Les gens avaient leurs propres idées à ce sujet et – comme tout ce qui se passe au niveau national – il y avait plus de facteurs présents que l’on ne pouvait en compter. L’économie s’améliorait, l’épidémie de consommation de crack (cocaïne) cessait. Les efforts de la police s’étaient intensifiés. Le plomb (qui avait été lié à la diminution des facultés cognitives et du comportement) avait été éliminé de l’essence. Un nombre incalculable de variantes – qu’il était difficile de mesurer avec précision – affectait le crime dans divers domaines.

En 2001, John Donohue et Steven Levitt – deux économistes – publièrent un dossier liant pratiquement la moitié de la diminution des crimes à une variante à laquelle personne n’avait pensé et n’avait même pas cherché à étudier : l’avortement.

Le lien invisible entre l’avortement et le crime

Quand la Cour suprême américaine a légalisé l’avortement, en 1973, avec l’arrêt Roe v. Wade, le taux d’avortements a grimpé en flèche, mais dans quels groupes sociaux ? Donohue et Levitt ont remarqué que « les adolescentes, les femmes non mariées et les personnes économiquement désavantagées sont toutes considérablement plus disposées à se faire avorter » (The Impact of Legalized Abortion on Crime, 2001). Ils ont aussi découvert que « les enfants nés de ces mères courent un plus grand risque de commettre des crimes pendant leur adolescence » (ibid). Vous vous doutez sans doute de ce que cela sous-entend, et cela vous met probablement un peu mal à l’aise. Cela le devrait.
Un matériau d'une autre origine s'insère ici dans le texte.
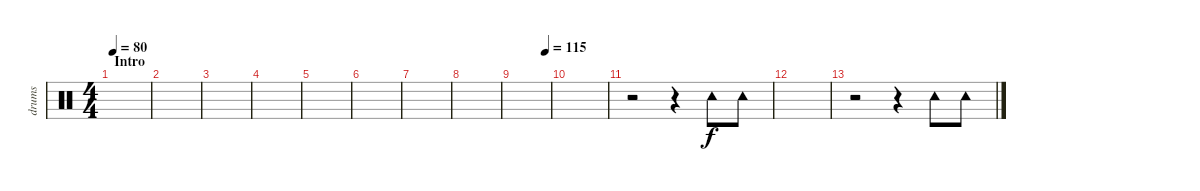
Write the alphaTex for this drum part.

Donohue et Levitt ont continué d’établir des liens : « Les âges où sont commis les crimes les plus violents sont entre 18 et 24 ans et le taux de ces méfaits s’est mis à diminuer vers 1992, approximativement quand la première cohorte née à la suite de l’arrêt Roe v. Wade allait atteindre sa primauté criminelle » (ibid).

Les données sont éloquentes ; il y a un lien. La diminution du nombre des crimes correspond à l’augmentation du nombre d’avortements pratiquement 20 ans plus tôt. Il y a causalité. Les États dans lesquels beaucoup d’avortements avaient été pratiqués avaient enregistré une diminution plus notoire dans le nombre de crimes commis que les États dans lesquels il y avait eu moins d’avortements. Les États qui avaient légalisé les avortements avant l’arrêt Roe v. Wade avaient enregistré cette diminution plus tôt que ceux qui ne l’avaient pas fait. Les faits pointaient vers la même conclusion. En occident, la légalisation des avortements a réduit le nombre des crimes.

Si cette phrase ne vous dérange pas, vous appartenez probablement à une minorité. La conclusion de Donohue et de Levitt a provoqué d’énormes remous. Néanmoins, en dépit de ce ressac, Levitt allait revenir sur cette conclusion à de nombreuses reprises dans les décennies suivantes – dans un autre journal (Understanding Why Crime Fell in the 1990s: Four Factors That Explain the Decline and Six That Do Not, 2004), dans un chapitre, dans un livre (Freakonomics, 2005), dans un dossier subséquent avec Donohue (The Impact of Legalized Abortion on Crime Over the Last Two Decades, 2019), et même dans un podcast (Freakonomics Radio, Abortion and Crime, Revisited, 2019).

Dans ce podcast, Levitt se souvient que « tout le monde a haï cette constatation ! Ceux qui prônaient le droit à la vie étaient en colère parce que notre argument paraissait approuver l’idée que la légalisation de l’avortement avait des effets positifs. Mais cela ne plaisait pas non plus à ceux qui croient qu’on a le droit de choisir parce qu’à leurs yeux, c’était comme si nous disions “Vous tuez ces fœtus pour qu’ils n’aient pas la chance de grandir pour devenir des … criminels !” Le nombre de menaces de mort que j’ai reçues de la gauche excédait en fait celui que j’ai reçu de la droite » (ibid).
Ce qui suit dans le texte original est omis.